_Exercise directions_
Omit every picture, and retype the lines that run from the beginning of the data below through the line containing "<formula> <loc_0><loc_0><loc_500><loc_500>D _", inclusive.

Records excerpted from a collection
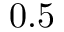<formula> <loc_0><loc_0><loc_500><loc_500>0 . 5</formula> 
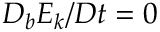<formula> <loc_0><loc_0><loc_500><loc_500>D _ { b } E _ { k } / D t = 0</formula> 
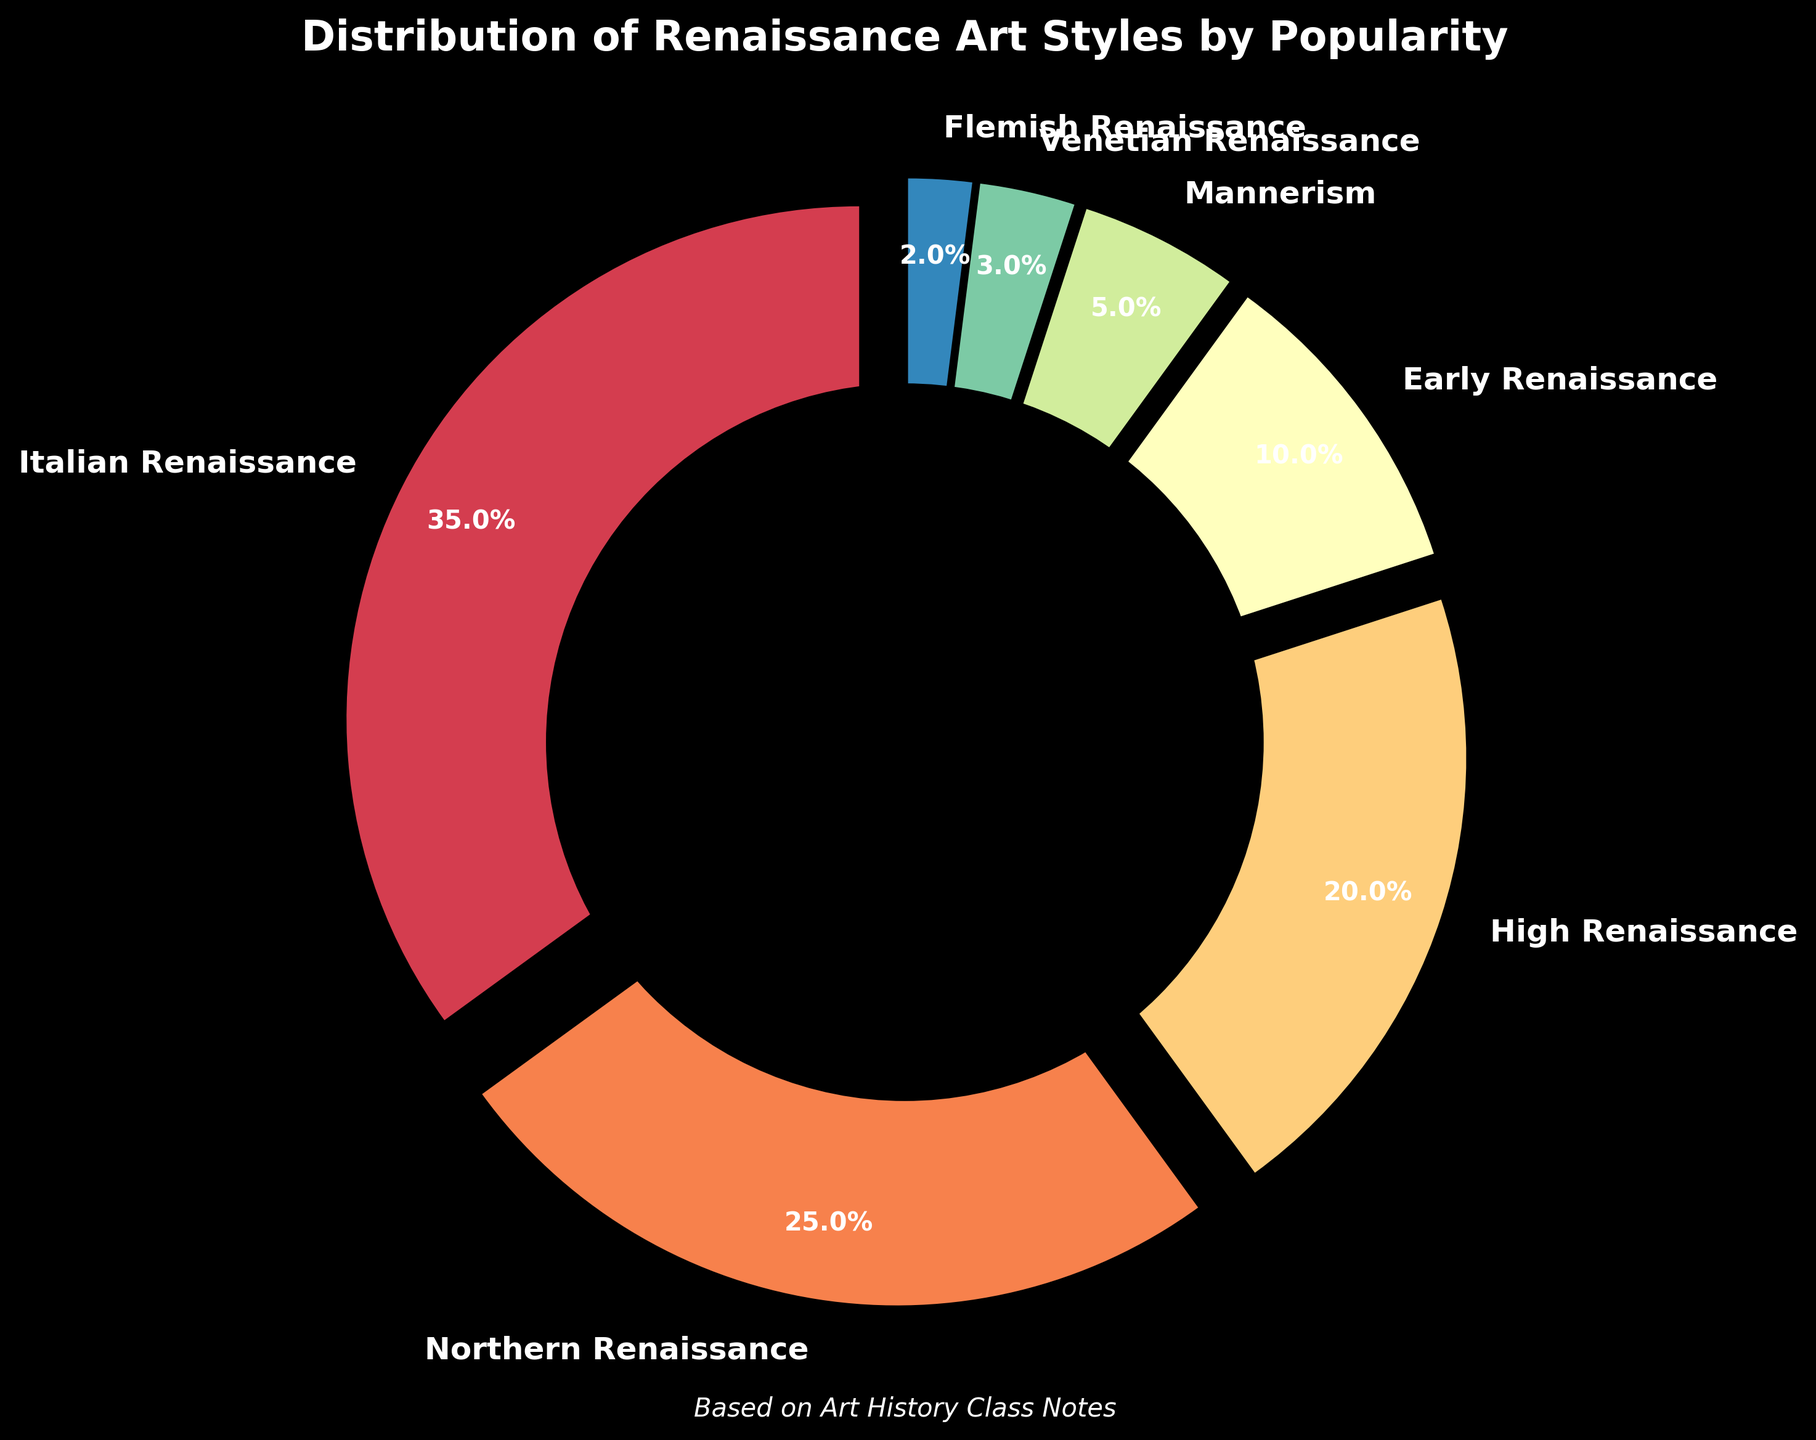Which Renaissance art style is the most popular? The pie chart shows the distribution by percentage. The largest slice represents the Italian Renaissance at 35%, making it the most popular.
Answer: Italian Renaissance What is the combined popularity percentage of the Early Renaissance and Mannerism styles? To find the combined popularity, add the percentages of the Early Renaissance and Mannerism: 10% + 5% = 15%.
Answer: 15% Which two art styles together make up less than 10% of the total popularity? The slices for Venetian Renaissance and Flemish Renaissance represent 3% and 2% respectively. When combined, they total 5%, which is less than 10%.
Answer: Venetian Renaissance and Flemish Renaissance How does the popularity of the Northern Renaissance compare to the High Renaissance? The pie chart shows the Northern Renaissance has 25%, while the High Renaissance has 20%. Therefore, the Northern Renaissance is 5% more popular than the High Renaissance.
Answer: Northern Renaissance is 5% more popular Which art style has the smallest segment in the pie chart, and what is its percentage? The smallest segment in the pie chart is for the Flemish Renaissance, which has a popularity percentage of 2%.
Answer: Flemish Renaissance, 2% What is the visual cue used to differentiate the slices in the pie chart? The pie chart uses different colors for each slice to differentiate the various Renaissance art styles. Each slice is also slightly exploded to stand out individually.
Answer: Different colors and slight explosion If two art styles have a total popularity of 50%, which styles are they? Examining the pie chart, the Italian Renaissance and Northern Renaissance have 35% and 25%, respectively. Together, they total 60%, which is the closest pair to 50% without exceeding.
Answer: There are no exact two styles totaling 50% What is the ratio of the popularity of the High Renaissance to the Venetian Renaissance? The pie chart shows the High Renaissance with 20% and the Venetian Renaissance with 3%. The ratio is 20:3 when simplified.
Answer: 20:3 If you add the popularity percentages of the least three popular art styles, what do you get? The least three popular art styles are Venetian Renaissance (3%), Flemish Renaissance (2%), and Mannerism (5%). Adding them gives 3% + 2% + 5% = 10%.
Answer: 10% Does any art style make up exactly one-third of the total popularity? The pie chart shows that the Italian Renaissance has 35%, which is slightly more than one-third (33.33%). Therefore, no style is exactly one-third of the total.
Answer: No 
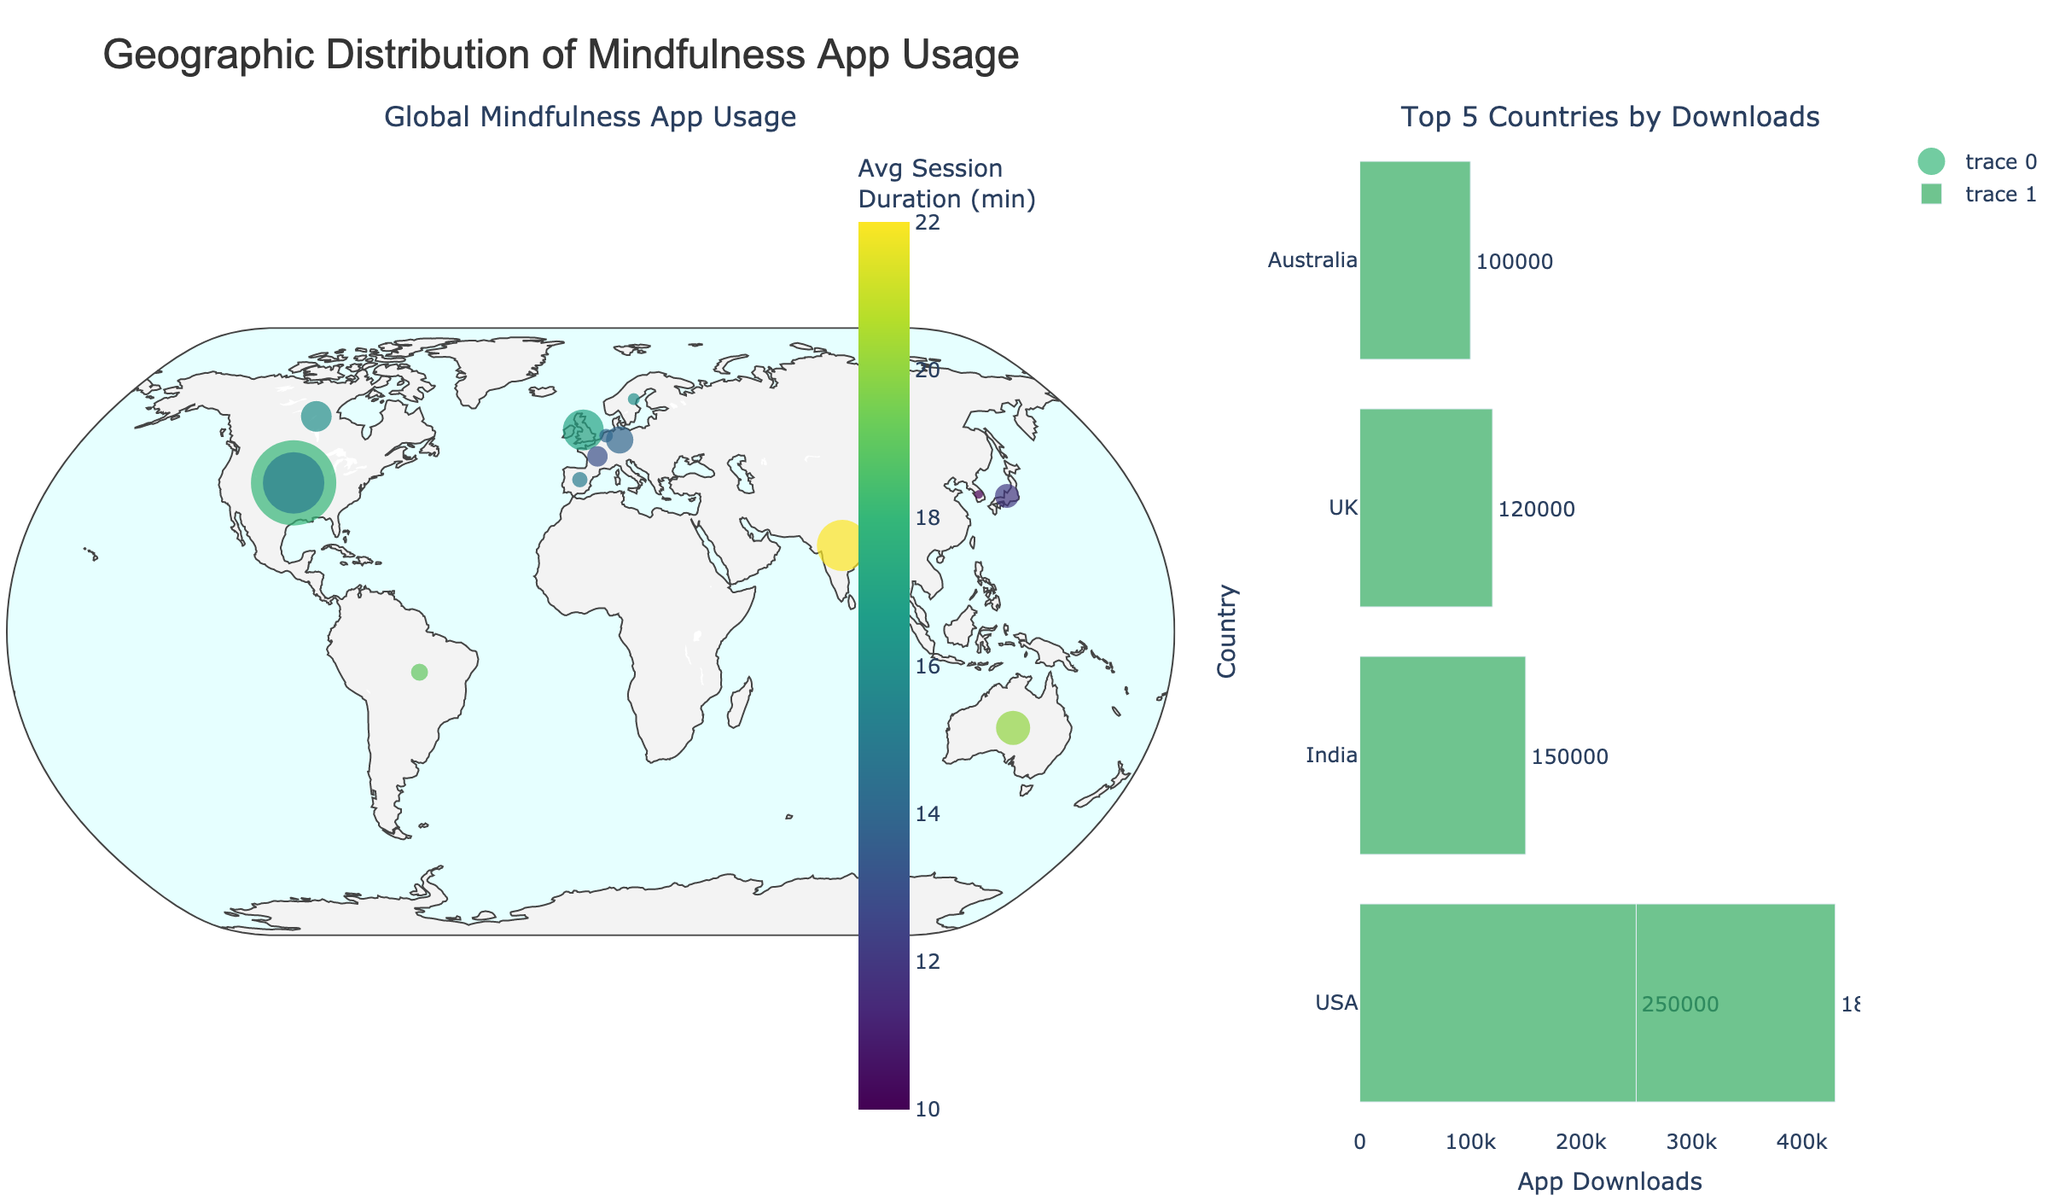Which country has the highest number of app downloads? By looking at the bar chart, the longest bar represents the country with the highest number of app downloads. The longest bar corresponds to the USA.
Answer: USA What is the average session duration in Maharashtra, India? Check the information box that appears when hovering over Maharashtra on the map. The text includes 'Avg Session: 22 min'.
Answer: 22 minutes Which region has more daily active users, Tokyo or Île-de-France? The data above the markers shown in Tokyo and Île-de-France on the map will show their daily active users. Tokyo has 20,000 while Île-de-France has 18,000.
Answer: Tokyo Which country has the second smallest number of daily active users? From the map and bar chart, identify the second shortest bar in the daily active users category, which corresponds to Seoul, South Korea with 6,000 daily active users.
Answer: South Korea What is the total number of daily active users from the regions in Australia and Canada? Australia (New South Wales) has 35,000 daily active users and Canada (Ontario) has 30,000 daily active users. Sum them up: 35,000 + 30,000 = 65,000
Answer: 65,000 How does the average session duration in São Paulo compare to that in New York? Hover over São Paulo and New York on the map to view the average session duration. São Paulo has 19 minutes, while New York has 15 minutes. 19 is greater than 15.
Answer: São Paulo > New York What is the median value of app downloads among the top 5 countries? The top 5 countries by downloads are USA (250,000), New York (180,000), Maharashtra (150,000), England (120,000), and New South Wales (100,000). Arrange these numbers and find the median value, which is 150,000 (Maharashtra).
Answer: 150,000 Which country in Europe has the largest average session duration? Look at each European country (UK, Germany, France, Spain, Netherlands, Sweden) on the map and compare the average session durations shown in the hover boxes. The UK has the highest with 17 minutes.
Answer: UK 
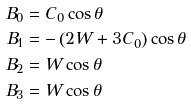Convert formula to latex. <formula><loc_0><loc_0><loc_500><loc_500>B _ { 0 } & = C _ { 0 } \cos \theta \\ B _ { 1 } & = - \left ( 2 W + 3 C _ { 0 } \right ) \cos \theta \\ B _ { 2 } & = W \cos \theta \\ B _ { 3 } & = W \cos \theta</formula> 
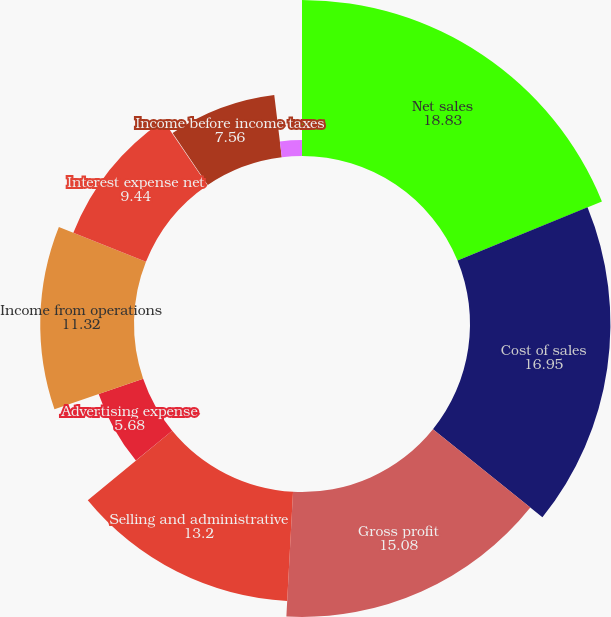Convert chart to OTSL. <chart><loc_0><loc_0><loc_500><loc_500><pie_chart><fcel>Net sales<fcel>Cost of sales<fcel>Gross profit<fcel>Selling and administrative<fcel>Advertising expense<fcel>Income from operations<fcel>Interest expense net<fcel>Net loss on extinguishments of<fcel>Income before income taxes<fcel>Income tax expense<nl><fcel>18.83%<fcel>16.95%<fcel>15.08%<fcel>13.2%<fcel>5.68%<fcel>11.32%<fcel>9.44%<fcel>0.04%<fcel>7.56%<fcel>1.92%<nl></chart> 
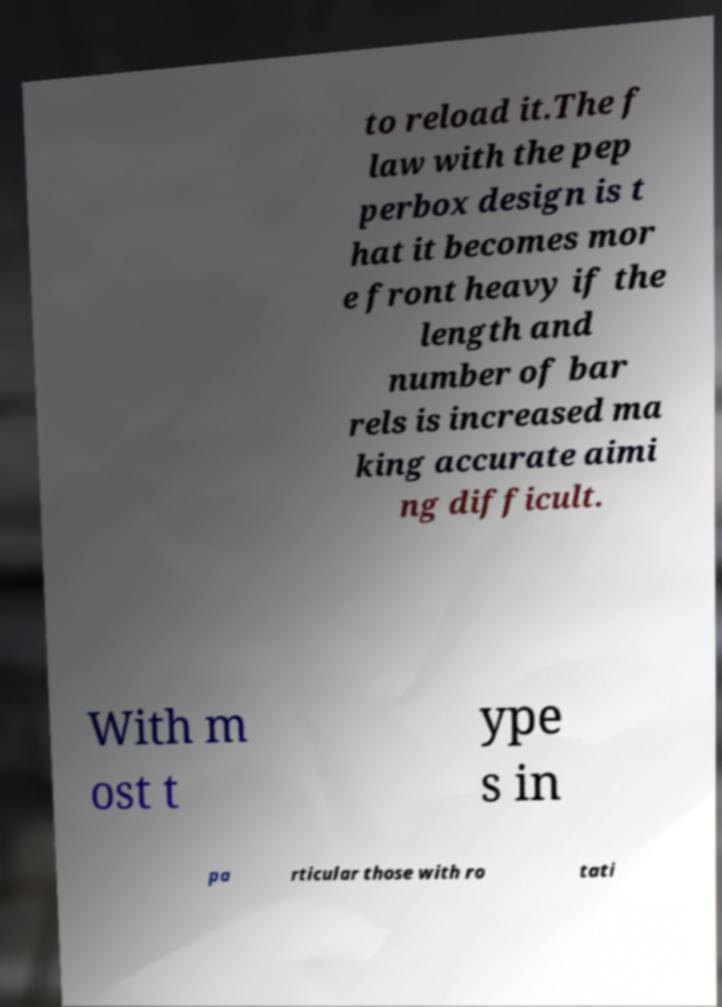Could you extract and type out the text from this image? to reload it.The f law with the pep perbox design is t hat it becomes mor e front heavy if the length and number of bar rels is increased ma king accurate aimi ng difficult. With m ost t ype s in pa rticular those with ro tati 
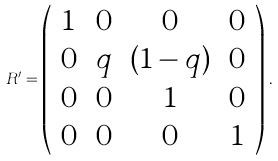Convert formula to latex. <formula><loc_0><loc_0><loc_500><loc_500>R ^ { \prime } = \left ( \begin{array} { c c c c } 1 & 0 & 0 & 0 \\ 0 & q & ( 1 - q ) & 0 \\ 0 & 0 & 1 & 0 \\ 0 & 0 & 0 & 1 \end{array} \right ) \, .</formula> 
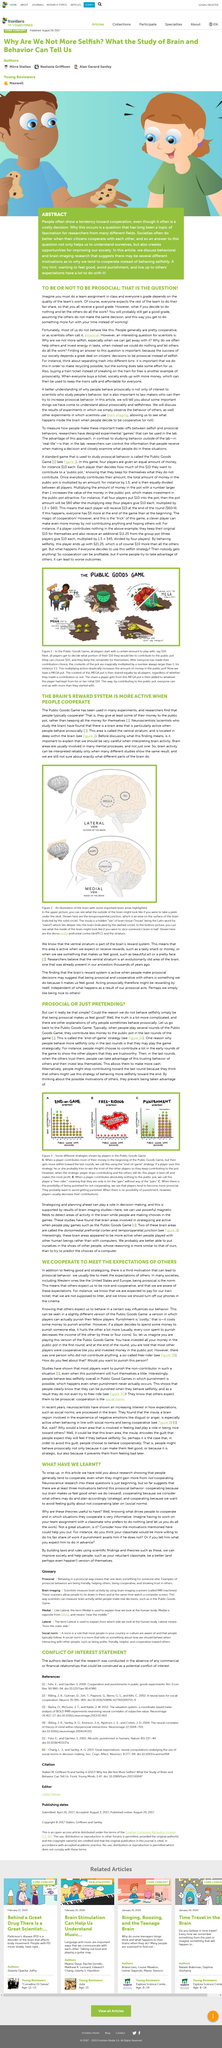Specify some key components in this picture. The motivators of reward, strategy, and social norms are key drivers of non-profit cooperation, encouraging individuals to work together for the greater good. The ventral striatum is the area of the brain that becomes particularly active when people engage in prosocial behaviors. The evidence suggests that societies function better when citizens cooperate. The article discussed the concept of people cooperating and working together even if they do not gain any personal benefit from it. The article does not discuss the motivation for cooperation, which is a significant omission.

_Response area_
<formula> <loc_0><loc_0><loc_500><loc_500>0 . 5</formula> 
<formula> <loc_0><loc_0><loc_500><loc_500>D _ { b } E _ { k } / D t = 0</formula> 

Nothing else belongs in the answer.